Cara lain yang dapat dgunakan untuk meningkatkan efisiensi penggunaan energi listrik adalah dengan melakukan maintenance atau perawatan, modifikasi, dan penggantian alat. Perawatan terhadap alat yang ada harus dilakukan secara teratur agar kinerja dan tingkat efisiensi alat tetap terjaga. Namun, apabila terjadi penurunan pada kinerja alat maka dapat dilakukan modifikasi untu meningkatkan kembali kinerjanya, seperti penggulungan ulang kumparan pada motor listrik atau dengan penggantian komponen tertentu pada peralatan tersebut. Alternatif terakhir yaitu penggantian alat, sepertti penggantian motor listrik dan peralatan yang sudah tua. Pergantian alat merupakan peluang penghematan jangka panjang yang dilakukan apabila, dengan perawatan dan modifikasi, kinerja atau tingkat efisiensi alat tersebut sudah tidak dapat diperbaiki.

Efisiensi uap

Uap merupakan sumber utama pabrik gula. Kurang tersedianya uap dalam jumlah yang cukup akibat rendahnya efisiensi penggunaan uap dapat menimbulkan serangkaian reaksi yang akan mempengaruhi mutu serta jumlah produk yang dihasilkan. Kehilangan energi uap pada proses produksi dapat diatasi dengan pembenahan pada operasi ketel uap secara umum, pembenahan pada sistem steam trapping, pembenahan pada turbin mekanis dan insulasi.

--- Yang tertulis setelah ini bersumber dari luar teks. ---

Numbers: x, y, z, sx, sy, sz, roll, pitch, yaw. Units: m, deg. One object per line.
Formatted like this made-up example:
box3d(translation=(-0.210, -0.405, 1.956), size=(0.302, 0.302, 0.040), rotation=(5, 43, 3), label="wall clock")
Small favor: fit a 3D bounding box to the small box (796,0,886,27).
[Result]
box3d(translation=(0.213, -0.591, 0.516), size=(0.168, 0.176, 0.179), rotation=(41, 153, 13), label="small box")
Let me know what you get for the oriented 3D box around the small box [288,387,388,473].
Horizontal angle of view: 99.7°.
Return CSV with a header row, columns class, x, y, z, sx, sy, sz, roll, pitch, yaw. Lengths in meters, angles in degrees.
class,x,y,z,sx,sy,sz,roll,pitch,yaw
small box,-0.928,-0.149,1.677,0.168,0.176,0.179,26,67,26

Page 4: Analisis Energi Pabrik Gula Tebu

Pembenahan pada operasi ketel uap secara umum pada dasarnya dilakukan dengan cara peningkatan pengawasan kinerja uap ketel. Pengawasa kinerja ketel uap dilakukan secara langsung maupun tidak langsung. Pengawasan secara langsung antara lain dilakukan dengan pembenahan atau penggantian saluran yang bocor pada sistem uap, penggunaan alat kontrol otomatis untuk memastikan uap hanya digunakan ketika dibutuhkan dan pemeriksaan kebutuhan tekanan uap pada alat bertenaga uap untuk mengevaluasi kemungkinan penurunan tekanan yang dapat diterapkan. Pengawasan secara tidak langsung antara lain dilakukan dengan penyusunan suatu program pengawasan sistem uap yang terpadu beserta dokumentasinya.

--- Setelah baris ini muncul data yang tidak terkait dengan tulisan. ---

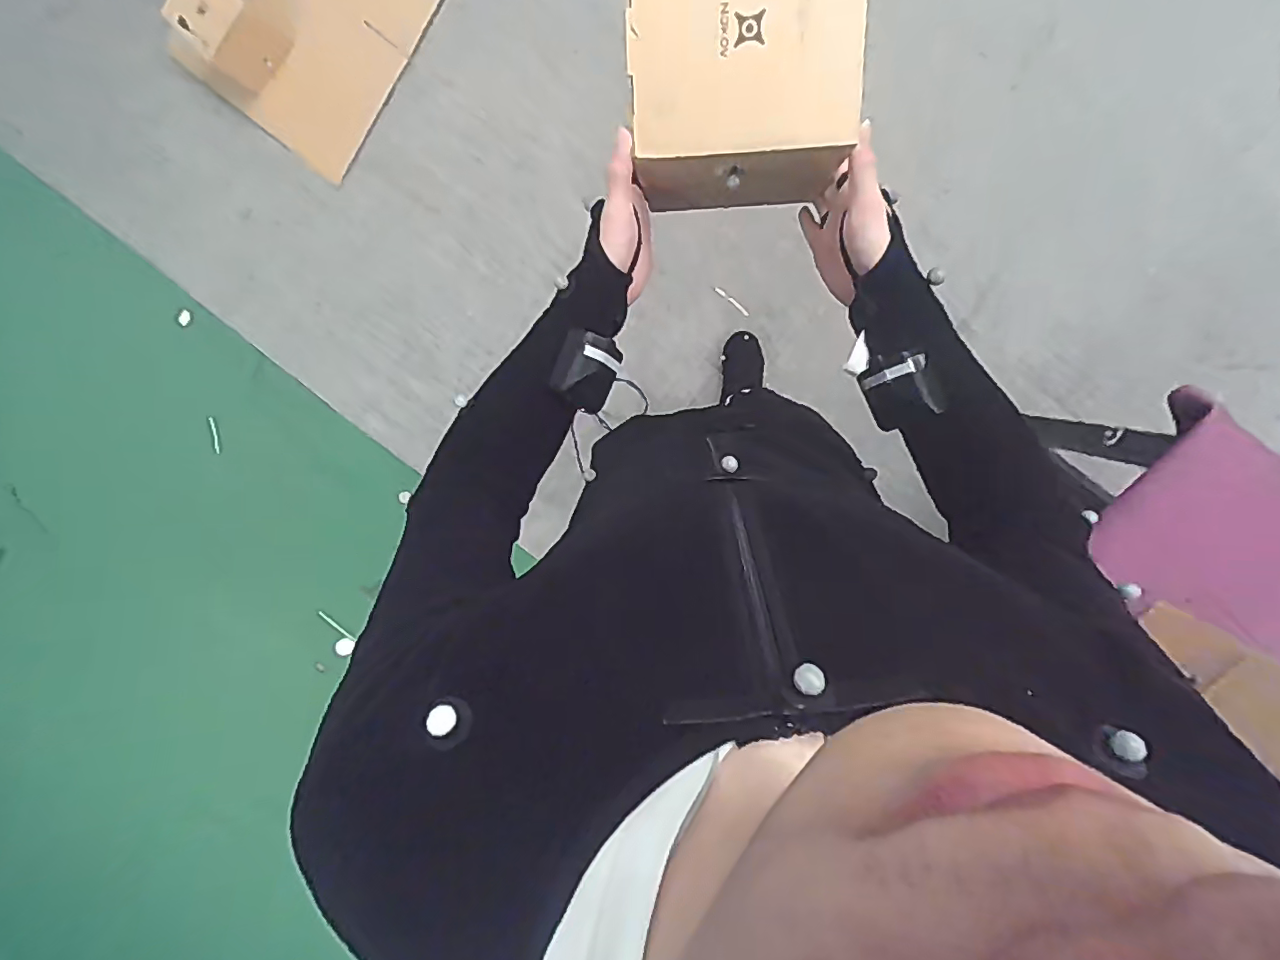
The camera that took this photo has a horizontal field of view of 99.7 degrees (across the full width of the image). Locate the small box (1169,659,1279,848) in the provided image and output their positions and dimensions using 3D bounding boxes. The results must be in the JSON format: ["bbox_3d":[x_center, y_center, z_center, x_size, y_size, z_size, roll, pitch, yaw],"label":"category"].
[{"bbox_3d":[0.808,0.357,0.648,0.168,0.176,0.179,37,102,-2],"label":"small box"}]

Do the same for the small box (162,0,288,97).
[{"bbox_3d":[-1.078,-1.174,1.427,0.179,0.176,0.168,-43,94,11],"label":"small box"}]

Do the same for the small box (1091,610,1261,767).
[{"bbox_3d":[0.838,0.332,0.809,0.168,0.176,0.179,35,102,-1],"label":"small box"}]

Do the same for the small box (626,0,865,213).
[{"bbox_3d":[0.086,-0.348,0.481,0.179,0.176,0.168,0,103,6],"label":"small box"}]

Pembenahan pada sistem steam trapping dilakukan dengan cara melakukan pemeriksaan terhadap ukuran dari steam trap untuk memastikan kesesuainnya dengan sistem drainase kondensat yang diinginkan. Selain itu, pemilihan jenis trap yang tepat juga harus dilakukan agar dapat tercapai efisiensi setinggi-tingginya. Pembenahan pada turbin mekanis dilakukan dengan program pengujian kinerja dan pembersihan turbin secara teratur untuk memaksimalkan efisiensinya. Pemberian insulasi dilakukan untuk mengurangi kerugian panas pada ketel. Kerugian panas disebabkan oleh kerugian cerobong, pembakaran yang tidak sempurna, adanya jelaga dan pancaran panas dari ketel. Pancaran panas dari ketel dapat dikurangi dengan memberi sabut dari lapisan penahan panas pada bagian ketel yang suhunya tinggi.